Al shook his head as he looked at the handlink for a moment. “Nothing about that, but you’re probably right.  So what are you going to do about it?”

Sam didn’t hesitate as he said, “I’m going to cramp Marvin’s plans.”

“How?” Al asked.

Sam shot him a determined look but remained quiet as Rio left the parking lot, turning left onto the road.

        Thirty minutes later, and amid a three-way non-stop conversation going on amongst the three younger Millikin sisters they’d picked up at the junior high school, Sam had come to a conclusion about sisters... he was glad he had only one!  Glancing over at Rio as he turned the Caravan off the road into a lane leading up to a large two-story farm house painted some shade of a pale yellow that sat back from the road about a quarter of a mile, he wondered how the boy managed to deal so calmly while coping with so many female siblings.

        From the back, Al, as if reading Sam’s mind, said loudly enough to be heard over the three girls, “Speaking as a man in a similar situation -a house full of females -, you learn to deal with it.”  But his comment was lost on Sam as he gazed out at the landscape surrounding and leading up to the house.

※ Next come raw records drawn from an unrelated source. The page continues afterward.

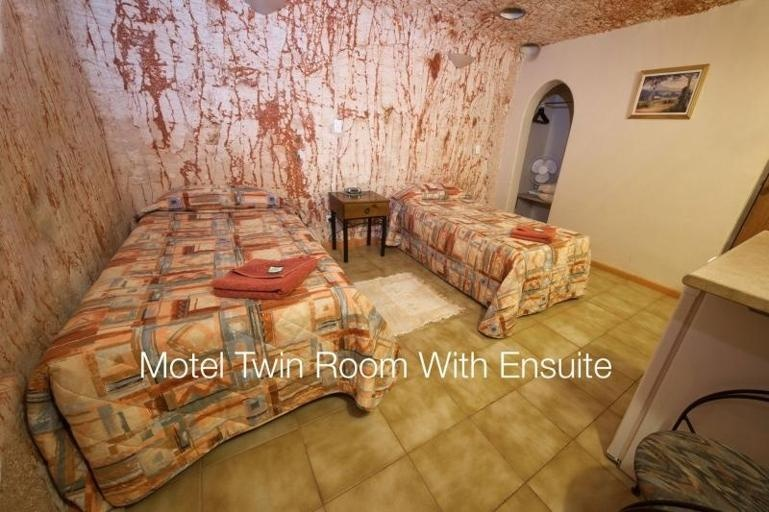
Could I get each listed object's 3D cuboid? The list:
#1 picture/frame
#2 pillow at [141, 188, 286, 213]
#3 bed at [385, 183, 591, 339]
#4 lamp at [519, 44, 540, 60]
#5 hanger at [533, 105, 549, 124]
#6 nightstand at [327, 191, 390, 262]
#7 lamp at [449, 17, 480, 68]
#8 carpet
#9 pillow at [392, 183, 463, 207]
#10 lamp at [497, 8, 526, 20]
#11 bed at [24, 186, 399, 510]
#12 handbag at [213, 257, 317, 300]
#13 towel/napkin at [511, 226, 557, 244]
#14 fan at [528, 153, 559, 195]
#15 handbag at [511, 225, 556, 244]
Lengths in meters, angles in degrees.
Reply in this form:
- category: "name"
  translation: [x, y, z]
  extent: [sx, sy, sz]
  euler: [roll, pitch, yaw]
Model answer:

        “It’s a farm,” Sam murmured, feeling a sense of kinship with his temporary family as he scanned the fenced areas on either side of the lane.  “Where are the animals?” he couldn’t help wondering aloud.

        Rio snorted.  “In the backseat,” he said, grinning at his sister.  “Or haven’t you noticed the din?”

        “Oh, no,” Sam laughed.  “I meant, where are the cows?”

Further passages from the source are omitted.